Her divorce was very expensive, she told me. I noticed the mole painted on her cheekbone. It cost four hundred dollars, she said, and her husband four hundred, too, and besides that, she had to give him almost all the furniture, this vanished husband who was an eyeglasses salesman and had to travel a lot. She makes a little gesture of resignation.
Her daughter sits beside her, attentive, composed. She’s eight years old and already as marvelously slow of movement as her mother. Quite a pretty child. She eats with a fork that is too big for her. She glances up at Claude from time to time.
Dean has a healthy appetite, but after the second glass of wine there’s a tendency for things to fall from his fork. He casually eats them right from the tablecloth. We’re having quenelles made from river pike, quenelles de brochet. He keeps asking me what they’re called.
His French is better already. Of course, the waiter pretends not to understand him. Dean doesn’t care.
“They’re all like that,” he says. “Quenelles. Is that right? What did you tell me?”

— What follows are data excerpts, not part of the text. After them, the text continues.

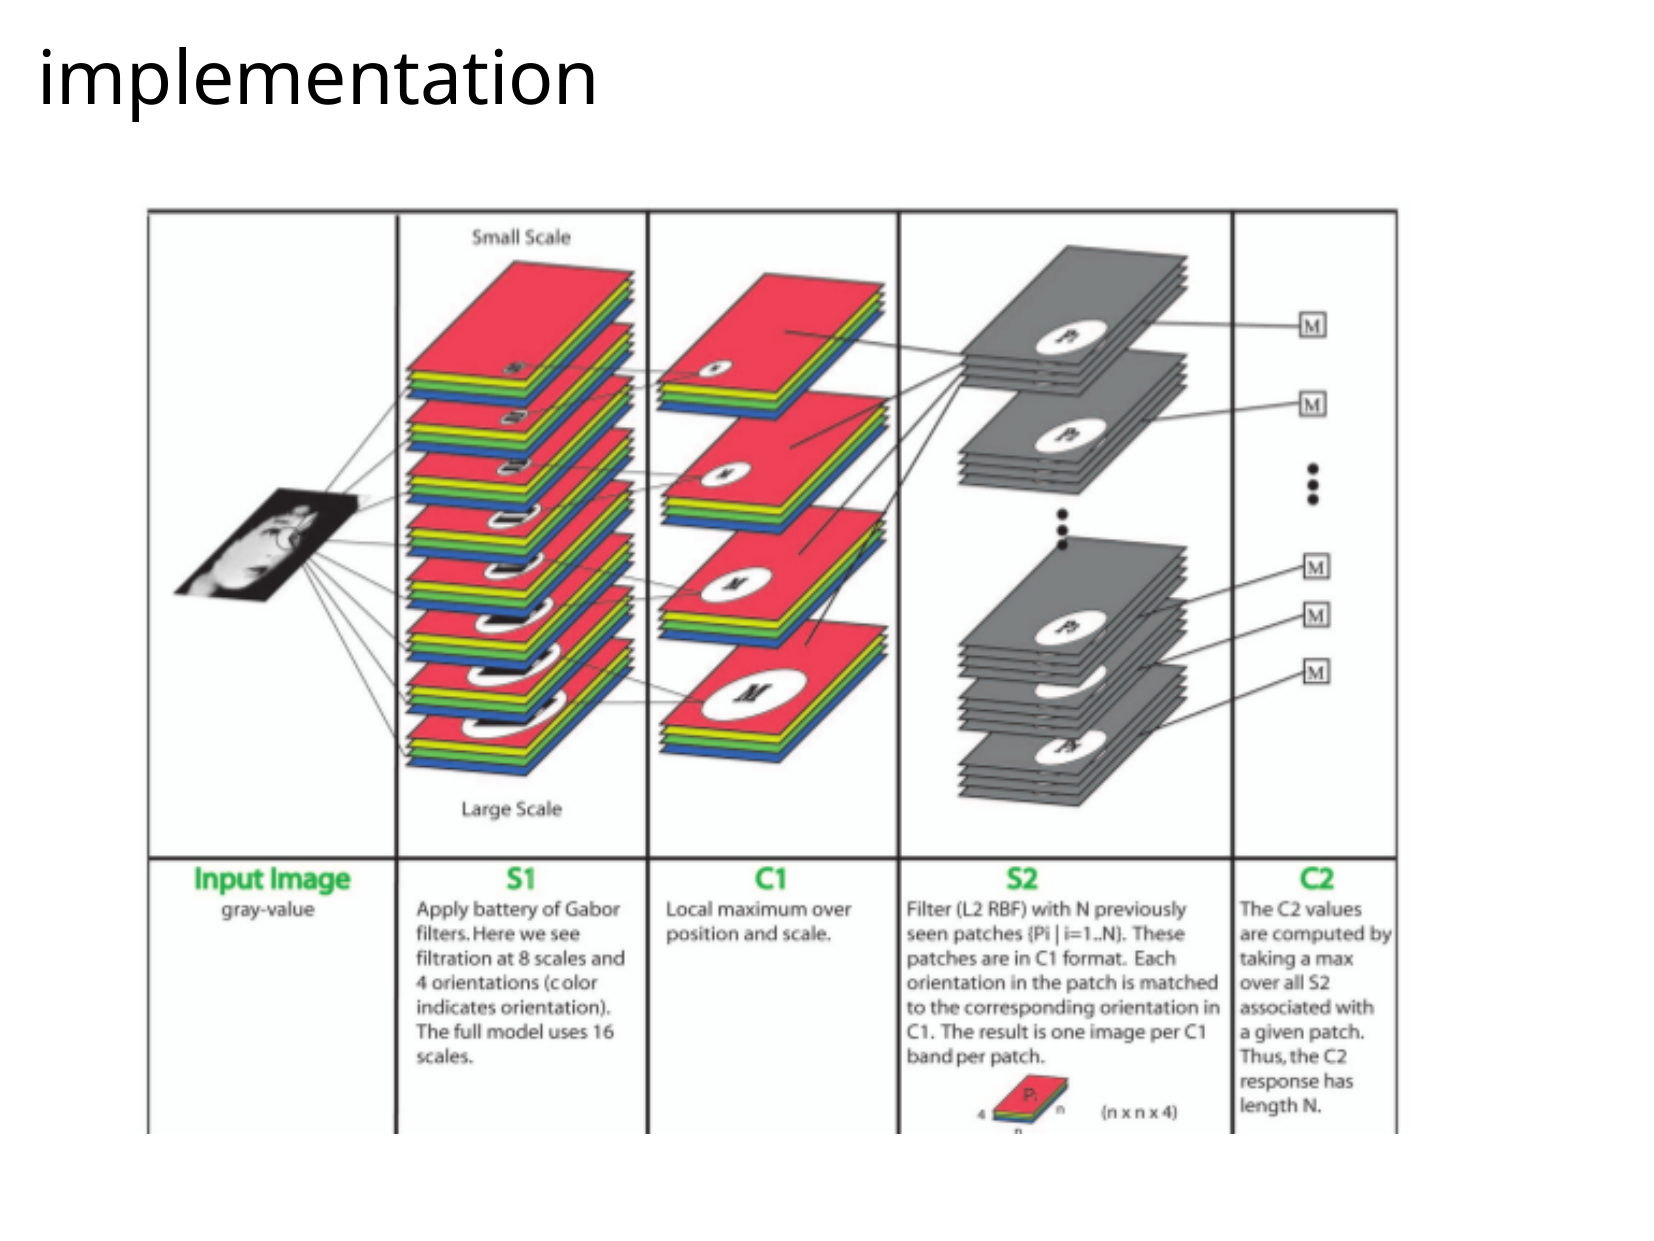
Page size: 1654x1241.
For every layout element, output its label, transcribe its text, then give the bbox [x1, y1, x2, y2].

picture [124, 200, 1420, 1134]
title implementation [37, 0, 1613, 151]
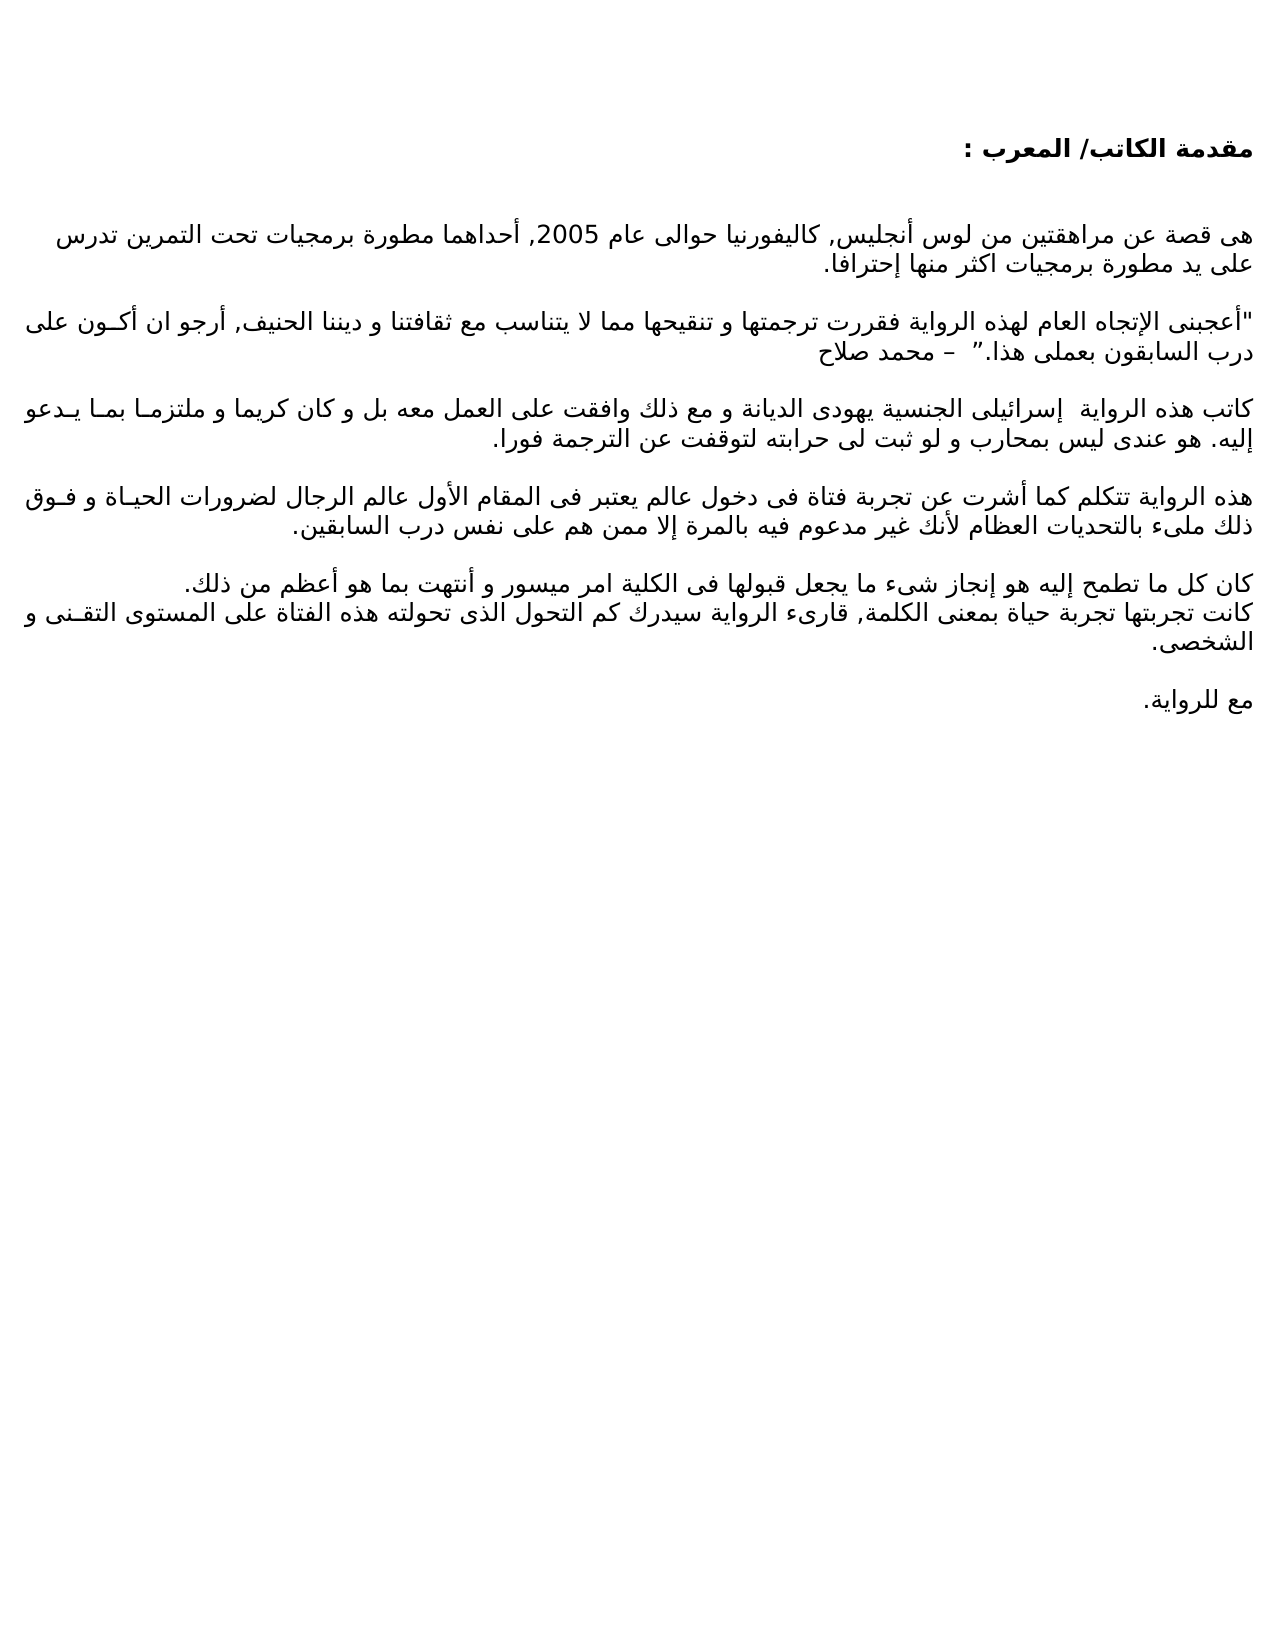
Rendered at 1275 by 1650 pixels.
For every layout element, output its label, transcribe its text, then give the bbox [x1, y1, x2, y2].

text هى قصة عن مراهقتين من لوس أنجليس, كاليفورنيا حوالى عام 2005, أحداهما مطورة برمجيات تحت التمرين تدرس على يد مطورة برمجيات اكثر منها إحترافا. [25, 220, 1254, 279]
text مع للرواية. [25, 685, 1254, 714]
text هذه الرواية تتكلم كما أشرت عن تجربة فتاة فى دخول عالم يعتبر فى المقام الأول عالم الرجال لضرورات الحياة و فوق ذلك ملىء بالتحديات العظام لأنك غير مدعوم فيه بالمرة إلا ممن هم على نفس درب السابقين. [25, 482, 1254, 540]
text مقدمة الكاتب/ المعرب : [25, 134, 1254, 163]
text كان كل ما تطمح إليه هو إنجاز شىء ما يجعل قبولها فى الكلية امر ميسور و أنتهت بما هو أعظم من ذلك. [25, 569, 1254, 598]
text كانت تجربتها تجربة حياة بمعنى الكلمة, قارىء الرواية سيدرك كم التحول الذى تحولته هذه الفتاة على المستوى التقنى و الشخصى. [25, 598, 1254, 656]
text كاتب هذه الرواية إسرائيلى الجنسية يهودى الديانة و مع ذلك وافقت على العمل معه بل و كان كريما و ملتزما بما يدعو إليه. هو عندى ليس بمحارب و لو ثبت لى حرابته لتوقفت عن الترجمة فورا. [25, 394, 1254, 453]
text "أعجبنى الإتجاه العام لهذه الرواية فقررت ترجمتها و تنقيحها مما لا يتناسب مع ثقافتنا و ديننا الحنيف, أرجو ان أكون على درب السابقون بعملى هذا.” – محمد صلاح [25, 307, 1254, 366]

Long, unhurried hours of evening, the car parked outside where light from the entrance falls on it, people pausing to look, the winter coming on. Plates being silently removed, the taste of foods lingering. The immortal procession of a French meal. We’ve finished the wine. Dean is pouring Perrier water into his glass. He’s thirsty as a horse, he says.

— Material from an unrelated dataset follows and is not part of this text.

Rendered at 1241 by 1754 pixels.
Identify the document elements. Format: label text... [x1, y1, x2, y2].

“They always tell you drink wine to be safe.”
“Yes, but I drink the water.”
“Everywhere, so do I,” he says. “You know where the cleanest water in the world is?”
“No.”
“The Yale swimming pool,” he says. His voice is fading. “Anyway, that’s what they always told us.”

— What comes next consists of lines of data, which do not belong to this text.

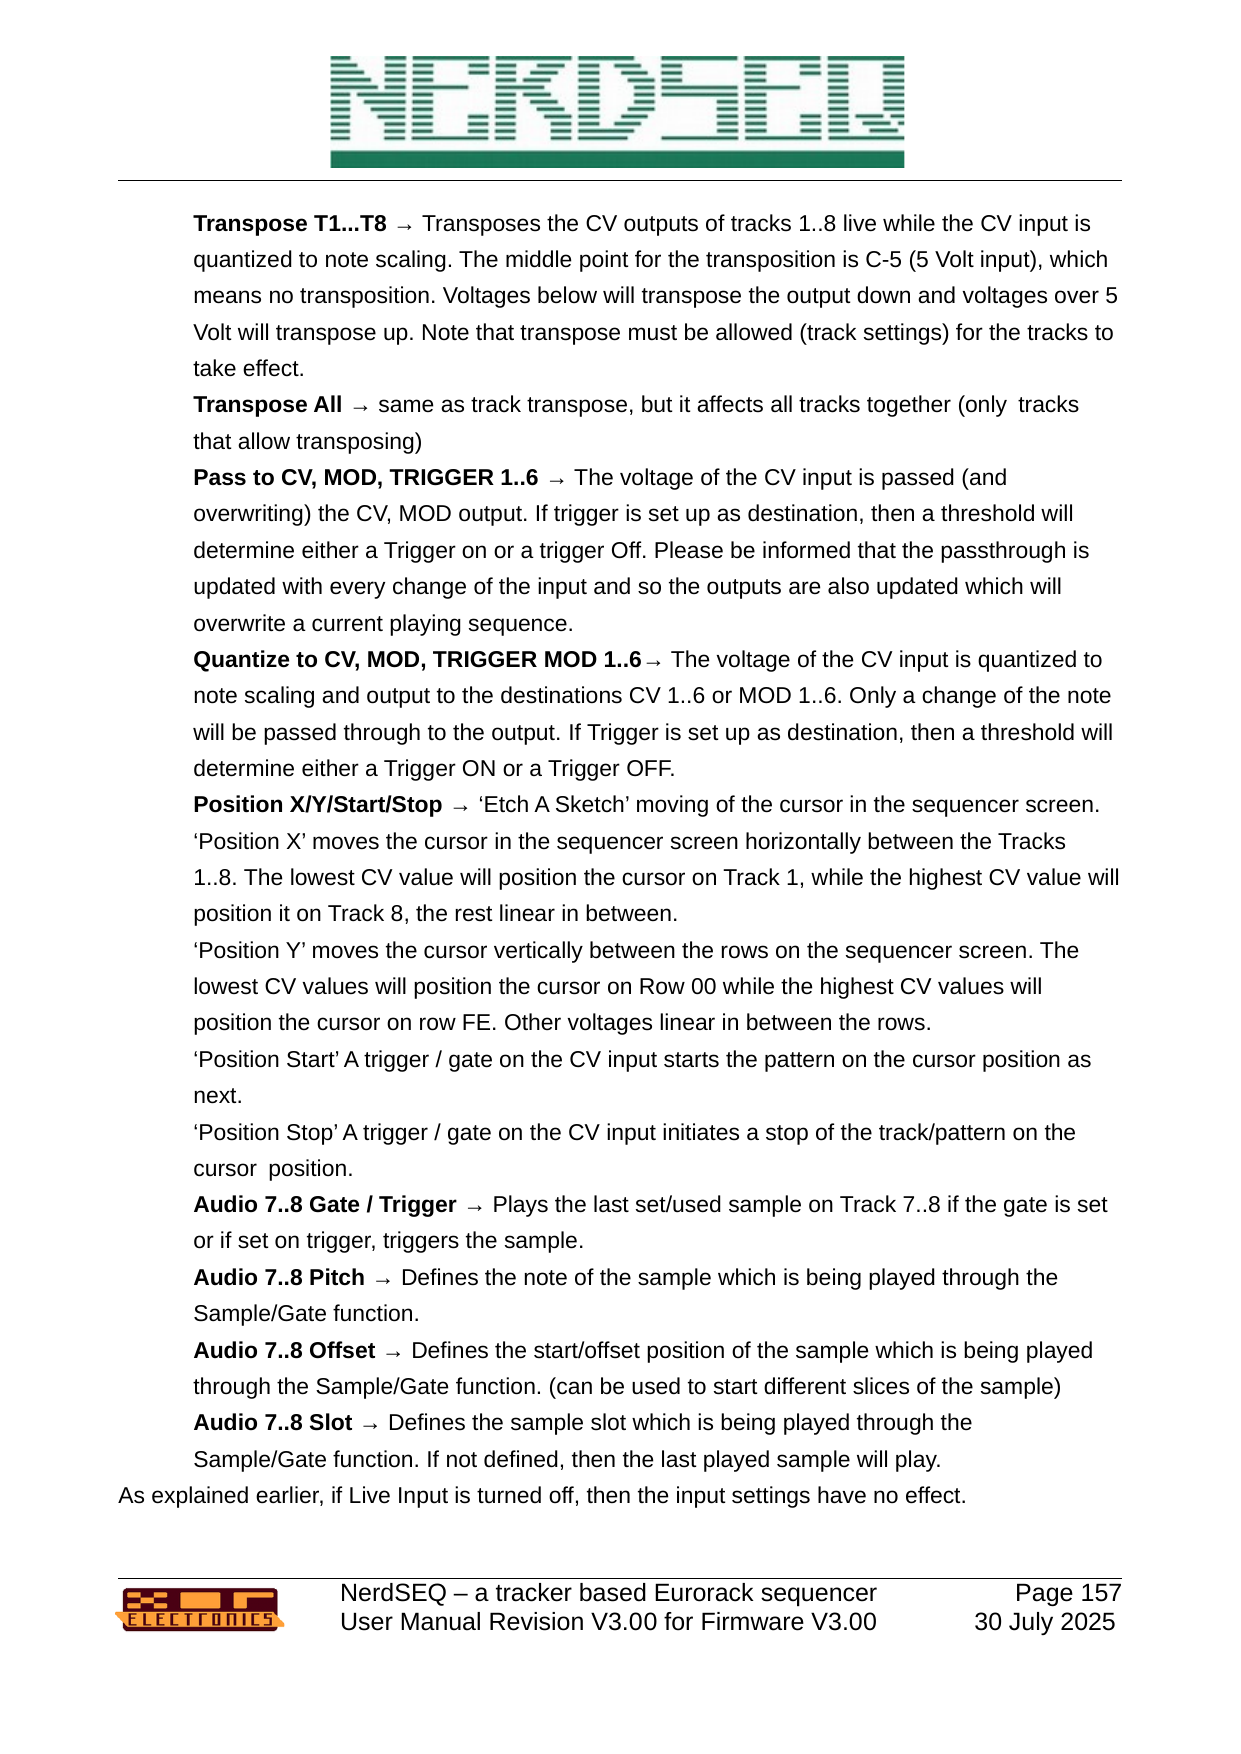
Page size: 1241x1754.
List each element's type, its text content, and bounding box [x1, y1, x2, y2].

text As explained earlier, if Live Input is turned off, then the input settings have no effect. [118, 1482, 1122, 1508]
text Pass to CV, MOD, TRIGGER 1..6 → The voltage of the CV input is passed (and overwriting) the CV, MOD output. If trigger is set up as destination, then a threshold will determine either a Trigger on or a trigger Off. Please be informed that the passthrough is updated with every change of the input and so the outputs are also updated which will overwrite a current playing sequence. [118, 464, 1122, 636]
text Quantize to CV, MOD, TRIGGER MOD 1..6→ The voltage of the CV input is quantized to note scaling and output to the destinations CV 1..6 or MOD 1..6. Only a change of the note will be passed through to the output. If Trigger is set up as destination, then a threshold will determine either a Trigger ON or a Trigger OFF. [118, 646, 1122, 781]
text Audio 7..8 Slot → Defines the sample slot which is being played through the Sample/Gate function. If not defined, then the last played sample will play. [118, 1409, 1122, 1472]
list Transpose T1...T8 → Transposes the CV outputs of tracks 1..8 live while the CV input is quantized to note scaling. The middle point for the transposition is C-5 (5 Volt input), which means no transposition. Voltages below will transpose the output down and voltages over 5 Volt will transpose up. Note that transpose must be allowed (track settings) for the tracks to take effect. [156, 209, 1122, 381]
picture [115, 1584, 285, 1634]
text ‘Position Y’ moves the cursor vertically between the rows on the sequencer screen. The lowest CV values will position the cursor on Row 00 while the highest CV values will position the cursor on row FE. Other voltages linear in between the rows. [118, 937, 1122, 1036]
picture [330, 56, 905, 168]
text ‘Position Start’ A trigger / gate on the CV input starts the pattern on the cursor position as next. [118, 1046, 1122, 1108]
text Transpose All → same as track transpose, but it affects all tracks together (only tracks that allow transposing) [193, 391, 1122, 454]
text Audio 7..8 Gate / Trigger → Plays the last set/used sample on Track 7..8 if the gate is set or if set on trigger, triggers the sample. [118, 1191, 1122, 1254]
text ‘Position Stop’ A trigger / gate on the CV input initiates a stop of the track/pattern on the cursor position. [118, 1118, 1122, 1181]
text ‘Position X’ moves the cursor in the sequencer screen horizontally between the Tracks 1..8. The lowest CV value will position the cursor on Track 1, while the highest CV value will position it on Track 8, the rest linear in between. [118, 828, 1122, 927]
text Audio 7..8 Pitch → Defines the note of the sample which is being played through the Sample/Gate function. [118, 1264, 1122, 1327]
text Position X/Y/Start/Stop → ‘Etch A Sketch’ moving of the cursor in the sequencer screen. [118, 791, 1122, 818]
text Audio 7..8 Offset → Defines the start/offset position of the sample which is being played through the Sample/Gate function. (can be used to start different slices of the sample) [193, 1337, 1122, 1399]

“When did you get out of Yale?”
“I didn’t,” he says. “I quit.”
“Oh.”
He describes it casually, without stooping to explain, but the authority of the act overwhelms me. If I had been an underclassman he would have become my hero, the rebel who, if I had only had the courage, I might have also become. Instead I did everything properly. I had good marks. I took care of my books. My clothes were right. Now, looking at him, I am convinced of all I missed. I am envious. Somehow his life seems more truthful than mine, stronger, even able to draw mine to it like the pull of a dark star.
He quit. It was too easy for him, his sister told me, and so he refused it. He had always been extraordinary in math. He had a scholarship. He knew he was exceptional. Once he took the anthropology final when he hadn’t taken the course. He wrote that at the top of the page. His paper was so brilliant the professor fell in love with him. Dean was disappointed, of course. It only proved how ridiculous everything was. He’d already been given a leave in his freshman year, now he took another. He went to see a psychiatrist. He lived with various friends in New York and began to develop a style. It lasted a whole year, but the university was very understanding. Finally he went back and did another year, but in the end he quit altogether. Then he began educating himself.